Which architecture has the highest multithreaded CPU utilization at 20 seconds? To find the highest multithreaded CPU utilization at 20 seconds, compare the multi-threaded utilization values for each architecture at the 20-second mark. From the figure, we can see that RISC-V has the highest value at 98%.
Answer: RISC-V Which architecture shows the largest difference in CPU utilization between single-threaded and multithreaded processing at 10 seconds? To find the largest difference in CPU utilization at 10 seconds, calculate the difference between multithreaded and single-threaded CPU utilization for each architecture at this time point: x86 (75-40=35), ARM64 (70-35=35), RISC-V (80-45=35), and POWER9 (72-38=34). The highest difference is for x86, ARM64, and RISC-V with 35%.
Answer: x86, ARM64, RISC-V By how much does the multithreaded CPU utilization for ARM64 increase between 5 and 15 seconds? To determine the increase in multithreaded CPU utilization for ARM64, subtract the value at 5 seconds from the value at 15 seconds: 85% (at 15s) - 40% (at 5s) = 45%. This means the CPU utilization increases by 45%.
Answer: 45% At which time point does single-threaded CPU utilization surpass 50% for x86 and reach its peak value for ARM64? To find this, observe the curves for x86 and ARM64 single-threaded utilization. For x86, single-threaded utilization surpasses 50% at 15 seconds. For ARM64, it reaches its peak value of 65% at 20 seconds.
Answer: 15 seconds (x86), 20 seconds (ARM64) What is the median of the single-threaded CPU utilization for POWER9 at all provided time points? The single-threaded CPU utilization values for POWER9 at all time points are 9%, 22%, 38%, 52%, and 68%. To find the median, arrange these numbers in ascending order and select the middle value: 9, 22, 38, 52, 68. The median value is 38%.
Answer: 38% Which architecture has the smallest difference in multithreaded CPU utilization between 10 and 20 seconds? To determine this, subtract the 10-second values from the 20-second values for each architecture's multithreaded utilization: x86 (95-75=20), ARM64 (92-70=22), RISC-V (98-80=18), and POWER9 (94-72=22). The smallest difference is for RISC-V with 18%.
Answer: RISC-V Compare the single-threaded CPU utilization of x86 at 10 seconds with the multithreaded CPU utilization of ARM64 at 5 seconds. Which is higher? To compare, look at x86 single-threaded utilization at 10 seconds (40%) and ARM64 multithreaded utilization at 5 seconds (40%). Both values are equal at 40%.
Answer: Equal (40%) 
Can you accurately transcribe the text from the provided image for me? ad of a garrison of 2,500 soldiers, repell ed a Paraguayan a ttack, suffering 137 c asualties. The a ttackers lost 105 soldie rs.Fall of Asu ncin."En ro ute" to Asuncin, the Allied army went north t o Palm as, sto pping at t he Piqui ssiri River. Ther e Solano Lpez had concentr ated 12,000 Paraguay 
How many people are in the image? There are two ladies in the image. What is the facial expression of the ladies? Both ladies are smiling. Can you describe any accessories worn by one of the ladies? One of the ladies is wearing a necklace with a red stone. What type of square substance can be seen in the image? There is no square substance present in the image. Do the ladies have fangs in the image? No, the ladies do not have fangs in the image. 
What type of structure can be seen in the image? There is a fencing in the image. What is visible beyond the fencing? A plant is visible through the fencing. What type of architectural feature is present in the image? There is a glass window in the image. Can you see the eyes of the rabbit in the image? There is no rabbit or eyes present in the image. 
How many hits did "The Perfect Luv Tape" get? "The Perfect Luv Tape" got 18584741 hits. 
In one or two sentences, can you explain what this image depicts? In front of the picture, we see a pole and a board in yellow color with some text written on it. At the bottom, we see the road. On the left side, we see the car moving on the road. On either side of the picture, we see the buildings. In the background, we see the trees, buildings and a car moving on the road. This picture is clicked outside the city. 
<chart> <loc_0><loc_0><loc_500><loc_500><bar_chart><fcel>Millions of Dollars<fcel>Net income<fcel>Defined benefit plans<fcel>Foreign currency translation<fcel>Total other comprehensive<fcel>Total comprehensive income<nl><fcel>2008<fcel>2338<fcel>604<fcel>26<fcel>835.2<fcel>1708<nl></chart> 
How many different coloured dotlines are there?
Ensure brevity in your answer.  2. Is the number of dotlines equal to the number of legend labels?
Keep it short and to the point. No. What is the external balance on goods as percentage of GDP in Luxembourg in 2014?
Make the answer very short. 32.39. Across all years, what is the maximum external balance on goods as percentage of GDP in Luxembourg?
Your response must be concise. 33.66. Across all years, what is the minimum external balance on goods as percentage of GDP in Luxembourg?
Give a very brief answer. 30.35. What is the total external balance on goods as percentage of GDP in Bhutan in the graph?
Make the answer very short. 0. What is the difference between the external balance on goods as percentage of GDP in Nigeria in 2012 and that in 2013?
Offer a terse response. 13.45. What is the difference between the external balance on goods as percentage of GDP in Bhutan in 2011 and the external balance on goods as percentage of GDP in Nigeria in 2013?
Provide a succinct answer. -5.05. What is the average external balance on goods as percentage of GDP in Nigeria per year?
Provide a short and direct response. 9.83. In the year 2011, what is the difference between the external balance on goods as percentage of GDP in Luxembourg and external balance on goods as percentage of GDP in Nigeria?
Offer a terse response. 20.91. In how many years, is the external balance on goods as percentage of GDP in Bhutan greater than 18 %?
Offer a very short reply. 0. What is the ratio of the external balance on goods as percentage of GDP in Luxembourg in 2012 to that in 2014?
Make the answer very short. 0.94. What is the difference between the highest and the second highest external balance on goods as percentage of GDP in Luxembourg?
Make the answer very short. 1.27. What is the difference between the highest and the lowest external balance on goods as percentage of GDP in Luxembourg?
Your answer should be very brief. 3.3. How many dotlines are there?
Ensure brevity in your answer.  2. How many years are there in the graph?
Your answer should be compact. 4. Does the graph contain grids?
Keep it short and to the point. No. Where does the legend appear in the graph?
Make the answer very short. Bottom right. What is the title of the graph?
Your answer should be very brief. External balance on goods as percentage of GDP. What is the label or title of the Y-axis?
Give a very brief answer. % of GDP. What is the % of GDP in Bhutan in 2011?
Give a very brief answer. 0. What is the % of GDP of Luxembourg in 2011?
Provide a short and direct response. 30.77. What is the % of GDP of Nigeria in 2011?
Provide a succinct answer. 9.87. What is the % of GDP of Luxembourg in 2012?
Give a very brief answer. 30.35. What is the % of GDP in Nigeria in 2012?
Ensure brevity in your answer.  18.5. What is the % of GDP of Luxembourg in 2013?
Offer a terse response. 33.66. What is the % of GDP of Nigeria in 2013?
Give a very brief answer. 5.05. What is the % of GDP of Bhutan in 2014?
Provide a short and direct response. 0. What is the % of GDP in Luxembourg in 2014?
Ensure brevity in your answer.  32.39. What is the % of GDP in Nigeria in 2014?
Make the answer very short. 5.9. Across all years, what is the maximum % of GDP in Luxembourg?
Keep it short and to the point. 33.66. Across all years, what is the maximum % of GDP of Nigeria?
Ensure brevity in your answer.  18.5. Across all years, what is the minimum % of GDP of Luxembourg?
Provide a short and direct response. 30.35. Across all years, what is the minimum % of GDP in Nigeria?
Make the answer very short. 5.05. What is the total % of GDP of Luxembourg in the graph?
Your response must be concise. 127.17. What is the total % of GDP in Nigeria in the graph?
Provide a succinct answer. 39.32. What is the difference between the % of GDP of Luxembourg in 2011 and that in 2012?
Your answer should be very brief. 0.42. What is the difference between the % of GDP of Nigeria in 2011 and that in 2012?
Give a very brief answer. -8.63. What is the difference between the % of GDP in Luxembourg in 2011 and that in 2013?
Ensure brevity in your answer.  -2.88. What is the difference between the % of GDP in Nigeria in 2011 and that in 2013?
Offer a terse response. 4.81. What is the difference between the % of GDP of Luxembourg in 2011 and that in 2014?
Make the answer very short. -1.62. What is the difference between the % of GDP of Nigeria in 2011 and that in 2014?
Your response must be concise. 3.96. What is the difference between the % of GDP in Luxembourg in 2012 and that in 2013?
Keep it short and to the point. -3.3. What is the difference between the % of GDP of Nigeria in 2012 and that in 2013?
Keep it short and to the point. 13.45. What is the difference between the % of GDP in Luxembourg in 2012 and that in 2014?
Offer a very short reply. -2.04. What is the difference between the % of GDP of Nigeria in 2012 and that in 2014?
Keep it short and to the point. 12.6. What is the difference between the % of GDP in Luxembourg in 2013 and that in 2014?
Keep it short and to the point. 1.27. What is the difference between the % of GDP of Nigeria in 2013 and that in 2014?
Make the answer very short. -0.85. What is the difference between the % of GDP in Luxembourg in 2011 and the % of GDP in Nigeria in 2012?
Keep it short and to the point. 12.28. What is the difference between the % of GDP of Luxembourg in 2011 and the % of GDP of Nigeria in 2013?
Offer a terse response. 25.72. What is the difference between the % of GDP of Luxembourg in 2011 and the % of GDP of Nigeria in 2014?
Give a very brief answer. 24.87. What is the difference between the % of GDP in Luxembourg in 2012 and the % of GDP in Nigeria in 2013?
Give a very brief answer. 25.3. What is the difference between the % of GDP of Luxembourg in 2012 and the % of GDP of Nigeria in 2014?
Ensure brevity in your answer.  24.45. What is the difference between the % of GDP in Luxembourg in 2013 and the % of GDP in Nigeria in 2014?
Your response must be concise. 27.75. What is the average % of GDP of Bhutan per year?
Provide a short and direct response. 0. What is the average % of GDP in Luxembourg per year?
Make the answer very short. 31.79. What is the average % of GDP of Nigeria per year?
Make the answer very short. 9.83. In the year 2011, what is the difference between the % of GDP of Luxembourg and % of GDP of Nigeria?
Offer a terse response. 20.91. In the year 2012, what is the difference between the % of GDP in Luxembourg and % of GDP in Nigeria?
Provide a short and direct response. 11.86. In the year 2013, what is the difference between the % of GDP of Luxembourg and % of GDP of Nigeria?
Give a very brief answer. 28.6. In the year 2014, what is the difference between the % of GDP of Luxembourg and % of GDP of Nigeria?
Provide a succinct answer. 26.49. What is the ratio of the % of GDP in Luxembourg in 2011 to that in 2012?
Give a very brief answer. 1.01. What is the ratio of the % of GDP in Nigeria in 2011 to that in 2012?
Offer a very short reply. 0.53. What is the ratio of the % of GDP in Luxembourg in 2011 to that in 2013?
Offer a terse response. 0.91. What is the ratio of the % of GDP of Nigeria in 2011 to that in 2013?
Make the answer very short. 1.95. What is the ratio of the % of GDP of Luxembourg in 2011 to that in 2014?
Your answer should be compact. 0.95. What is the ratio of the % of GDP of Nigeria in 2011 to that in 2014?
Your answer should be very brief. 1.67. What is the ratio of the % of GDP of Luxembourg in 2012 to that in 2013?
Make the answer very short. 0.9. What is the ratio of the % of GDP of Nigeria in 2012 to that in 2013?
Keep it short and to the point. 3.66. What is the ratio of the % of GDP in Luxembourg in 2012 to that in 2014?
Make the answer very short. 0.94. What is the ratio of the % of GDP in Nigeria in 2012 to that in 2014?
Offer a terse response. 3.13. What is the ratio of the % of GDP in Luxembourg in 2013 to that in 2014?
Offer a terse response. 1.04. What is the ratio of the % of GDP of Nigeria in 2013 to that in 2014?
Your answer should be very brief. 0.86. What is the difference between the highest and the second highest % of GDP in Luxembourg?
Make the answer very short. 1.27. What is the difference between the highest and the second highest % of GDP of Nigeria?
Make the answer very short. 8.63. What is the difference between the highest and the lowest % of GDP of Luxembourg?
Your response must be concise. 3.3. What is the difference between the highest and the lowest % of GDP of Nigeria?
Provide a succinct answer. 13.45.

* * * * * * *

**The problem:**
Starting at the line that has "Offer a terse response. 0.91." and ending at the line that has "Your answer should be compact. 0.95.", please write out the lines above exactly, leaving out all others.

**Expected output:**
Offer a terse response. 0.91. What is the ratio of the % of GDP of Nigeria in 2011 to that in 2013?
Make the answer very short. 1.95. What is the ratio of the % of GDP of Luxembourg in 2011 to that in 2014?
Your answer should be compact. 0.95. What is the ratio of the % of GDP of Nigeria in 2011 to that in 2014?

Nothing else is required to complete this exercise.